The city of Tulsa adopted an ordinance banning texting while driving on Sept. 25 that will also take effect Sunday, Ashley said.

Tulsa Police Sgt. Shane Tuell said officers who cite a driver for texting and driving will book the driver to Tulsa municipal court, where a judge will assess the fine.

“Officers are never really excited to give someone a citation, but officers are encouraged that we now have the opportunity to be proactive in the action we can take to prevent these collisions,” Tuell said.

The law states that the Department of Public Safety won’t record or assess points for violations, so there’s no possibility that drivers will have their licenses revoked for texting.

It’s unclear how officers will gauge whether drivers were using their phones for texting or other purposes not outlined in the law, such as looking at navigation or changing music.

“I have had questions about how an officer is going to tell which is which,” said Rep. Terry O’Donnell, R-Catoosa, who authored House Bill 1965.
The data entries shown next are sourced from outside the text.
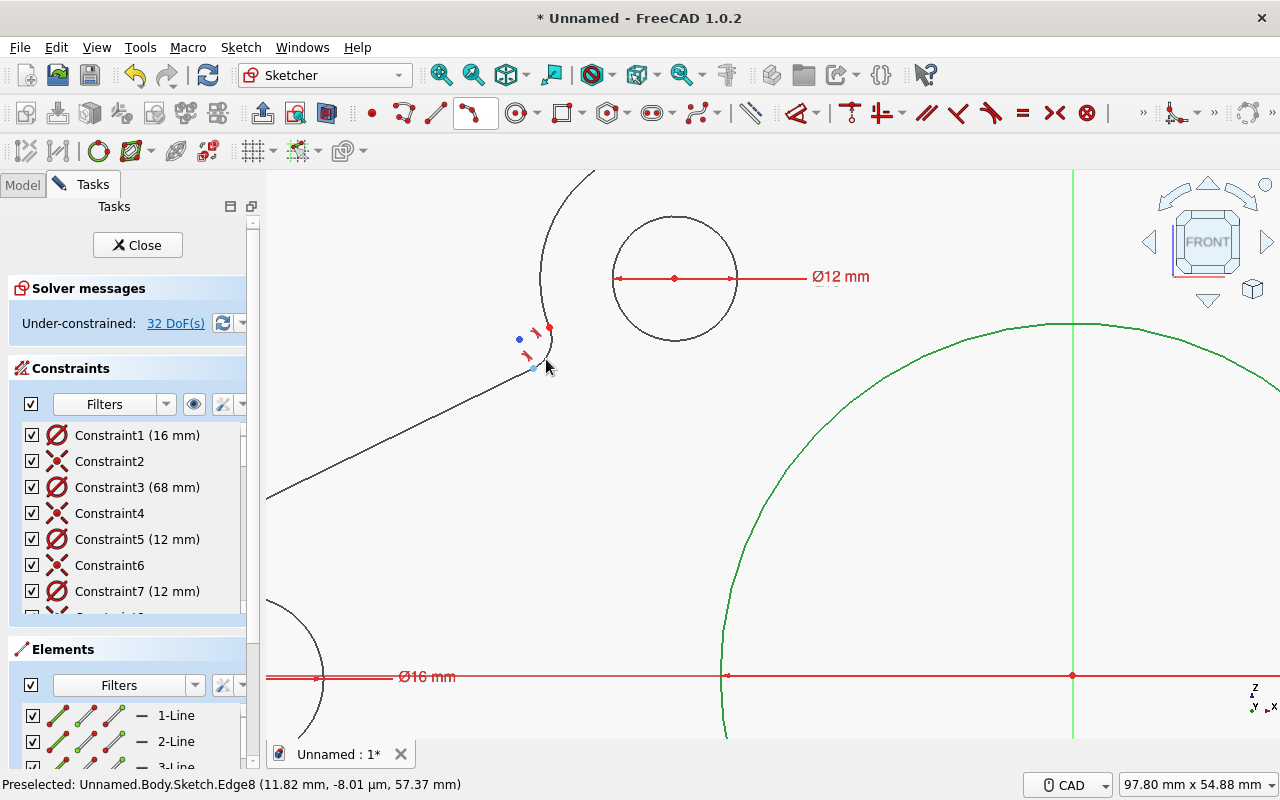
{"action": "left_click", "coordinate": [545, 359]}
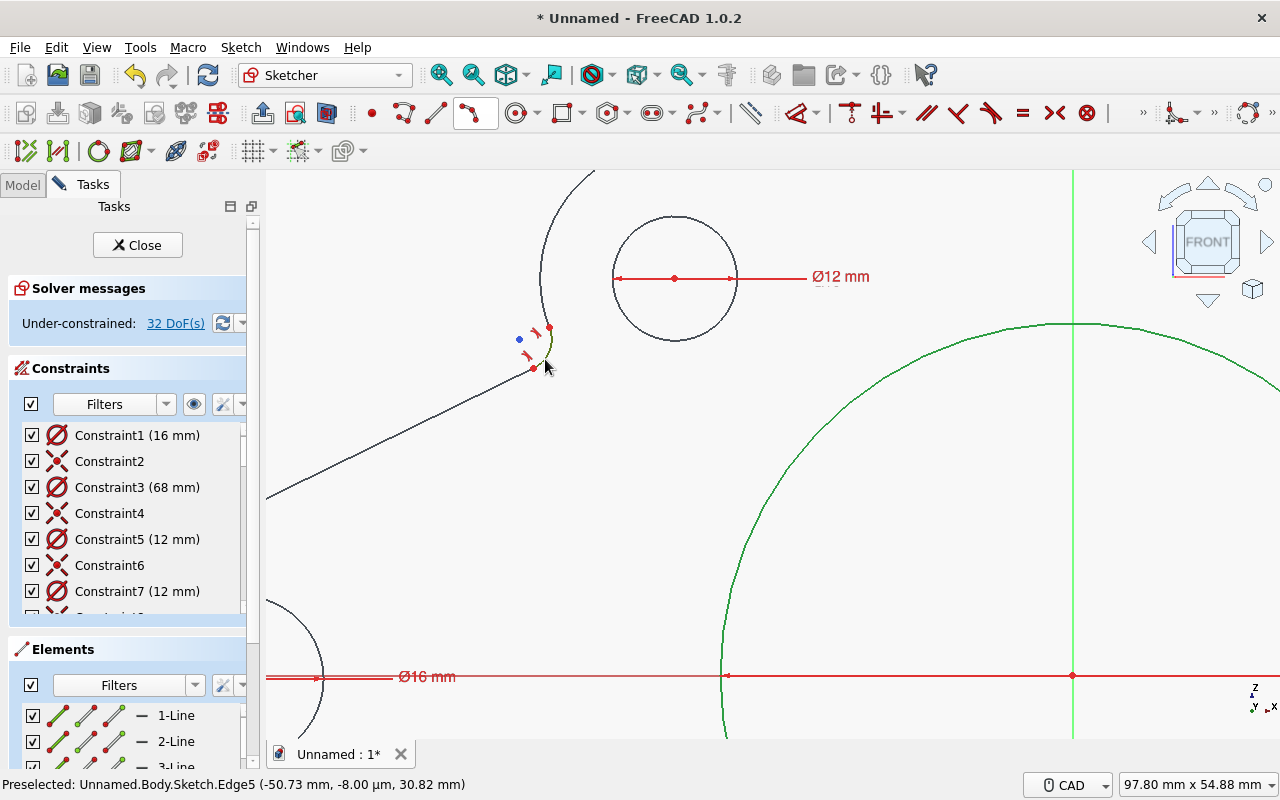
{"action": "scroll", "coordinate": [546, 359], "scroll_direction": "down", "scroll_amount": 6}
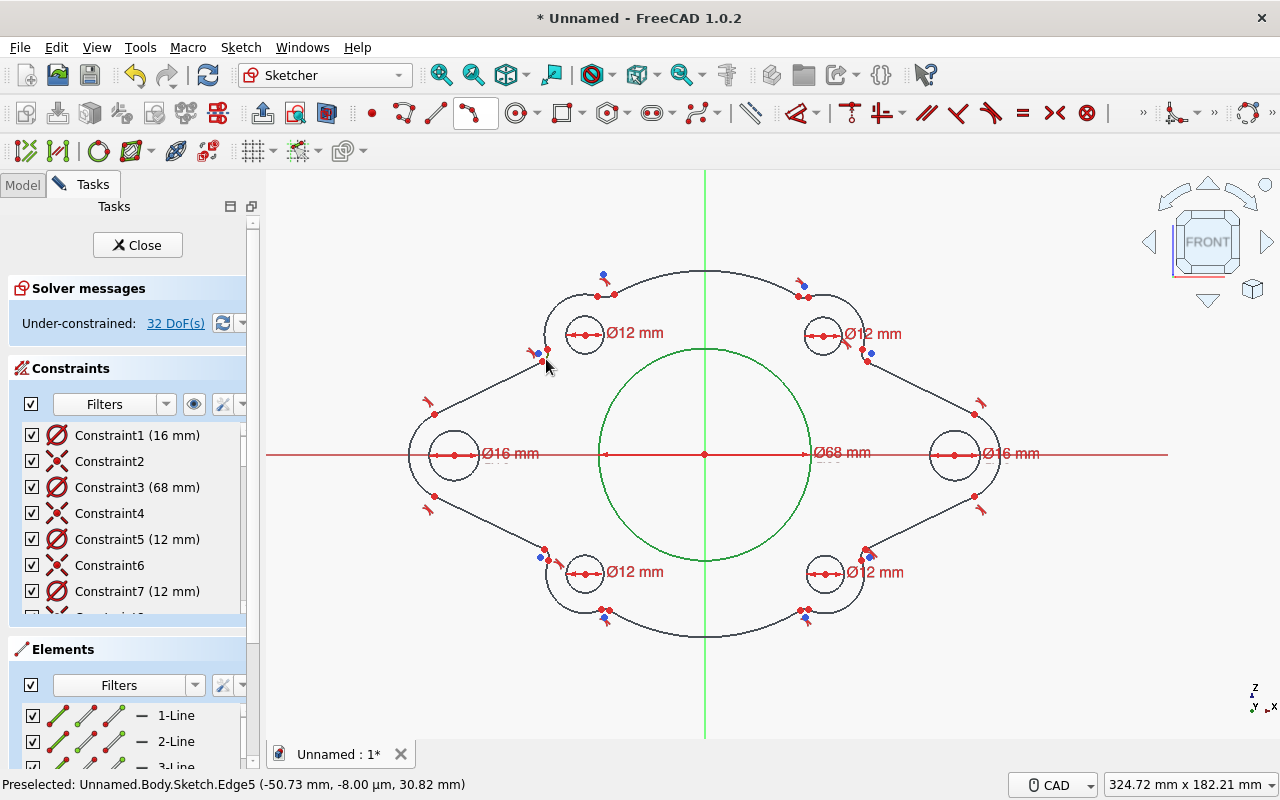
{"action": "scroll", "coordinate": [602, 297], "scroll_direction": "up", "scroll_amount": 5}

O’Donnell said he envisions that motorists will have to explain their situation to the officers, who will exercise their judgment.

Oklahoma Highway Patrol Lt. John Vincent said engaging in any activity on a hand-held device while driving is a distraction and safety hazard.

“If people argue, I’m using my phone to change the music or something, you’re still diverting your attention from the roadway, which is not safe,” Vincent said.

Officers can seize cellphones as potential evidence but cannot access information from it without a warrant.

Vincent said officers will most likely not file search warrants to confirm that a driver was texting while driving unless he or she caused a serious injury collision or a fatality.

Chuck Mai, vice president of public affairs for AAA Oklahoma, said that when the advocacy organization first proposed the legislation in 2009, it considered seeking a bill that would ban all cell phone use while driving.

“We were tempted to seek a bill against talking on cellphones, fiddling with your GPS, all those things that are huge distractions, but we instead decided to go after a law that we thought would have likelihood of passage,” Mai said.

Mai said a bill prohibiting all those activities “never would’ve seen the light of day” because of an Oklahoma mentality against over-legislating.

“And I feel the same way,” Mai said. “I wish we didn’t have to have a law outlawing texting while driving. I wish people would exercise common sense and put the phone down voluntarily, but that’s not happening. It’s an epidemic on the roads.”

Mai said there were 600 crashes attributed to electronic distraction that resulted in 14 fatalities in Oklahoma in 2013, the most recent year for which the organization has statistics.